Exploring the mechanisms of adolescent diabetes

Currently, Dr. Zeitler and his team are studying just that, using data from TODAY to better understand the underlying mechanisms of complication in diabetes, particularly long-term effects on cognition. Meanwhile, Drs. Inge and Nadeau are working on a funding proposal to study the biological mechanisms of bariatric surgery, including pancreatic and gut hormone function, as well as measures of cardiovascular and liver health.

Partnering with pediatric cardiologist Uyen Truong, MD, and bioengineer Michal Schafer, PhD, experts in a novel technology called 4D flow MRI, Dr. Nadeau has already shown metformin can improve arterial stiffness in adolescents with type 1 diabetes, even though it hasn't been shown to improve blood sugar — potentially altering the course of type 1 treatment.
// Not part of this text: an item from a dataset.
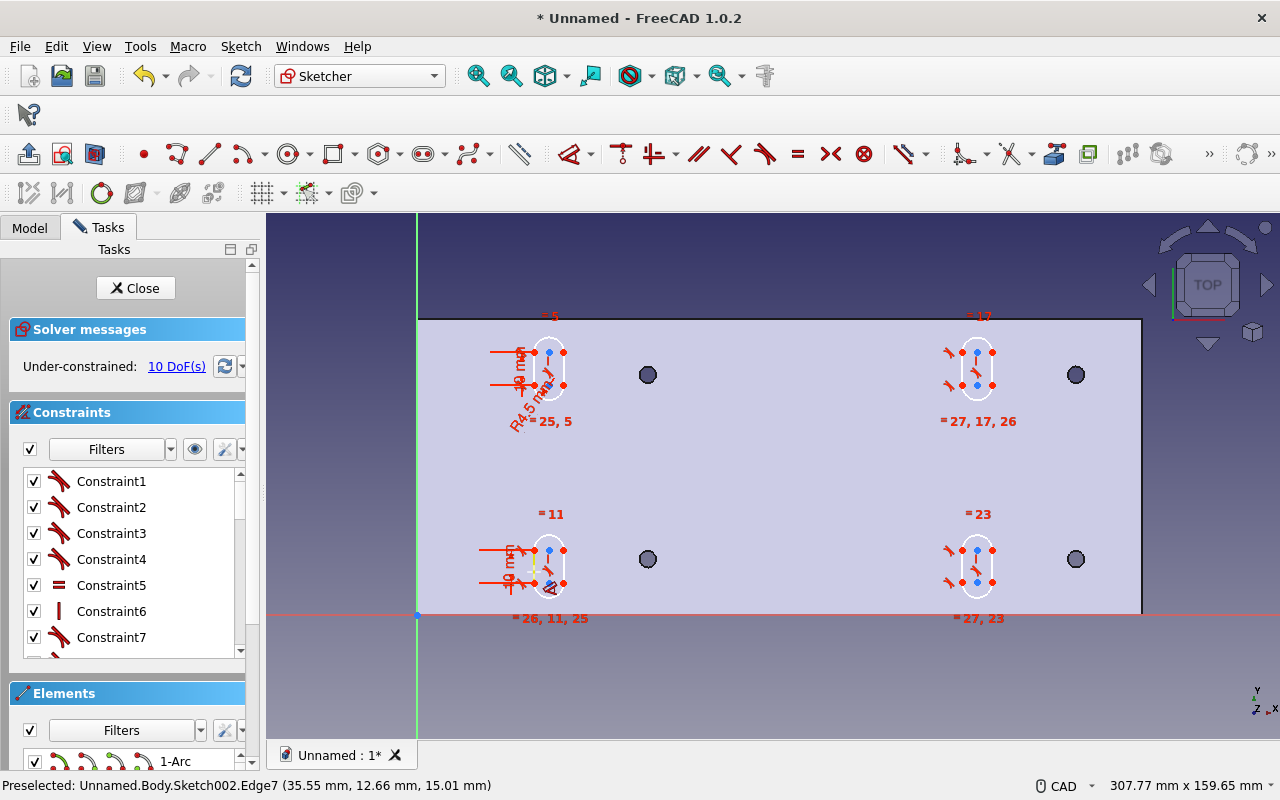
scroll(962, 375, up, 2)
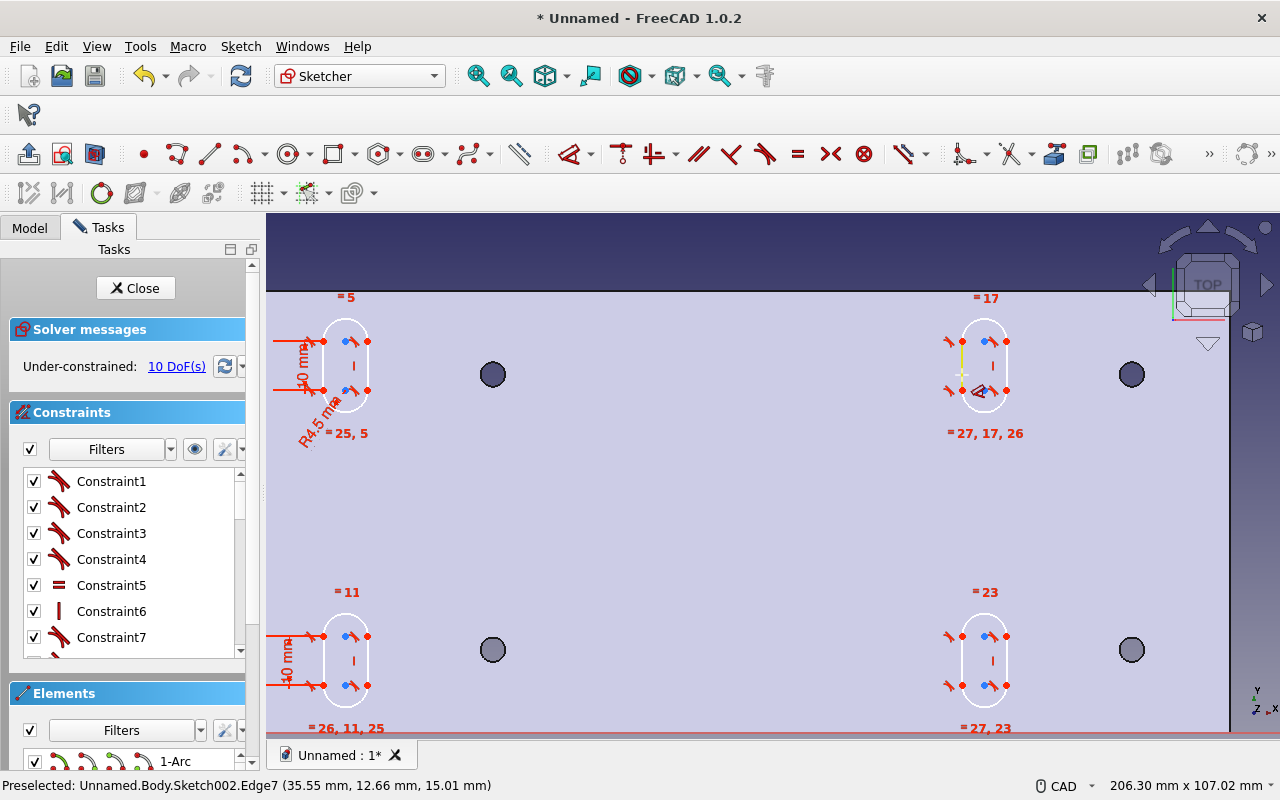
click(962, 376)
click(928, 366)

That study recently appeared in Circulation. Dr. Nadeau is now partnering with Dr. Inge to examine before-and-after cardiovascular health in the bariatric population using the same technology.

And work remains to be done in the bariatric population. Kids who have the surgery may see complications down the road, such as iron deficiency and problems with bone health.

"We'll need longer-term research to sort this out," says Dr. Inge.

Onward and upward

For the time being, though, surgery was Mona's best option, and she ultimately decided to do it. It's not quite what she thought it would be. She knew she wouldn't be able to eat like she did anymore, but the change is drastic. She can't eat two bites of a hamburger. Even drinking too much water at once makes her feel full.

"It's a pretty convincing argument for bariatric surgery as being, at least for now, the most effective treatment we've got."

- PHILIP ZEITLER, MD, PHD

But she lost 10 lbs. just following the surgery prep recommendations, and she's been losing about 10 lbs. a month ever since. Dr. Inge thinks she'll lose 85 lbs. before she's done. And that hope makes the difference. She's back to hiking. She hits the gym every day. Last month, she even did the Manitou Incline, a grueling gain of 2,000 feet in less than a mile along an old washed out funicular track on a mountainside just west of Colorado Springs.

"I was tired, but I did it," she says. "That felt really good. I know if I didn't have the surgery, I wouldn't be able to do half the things I'm doing now."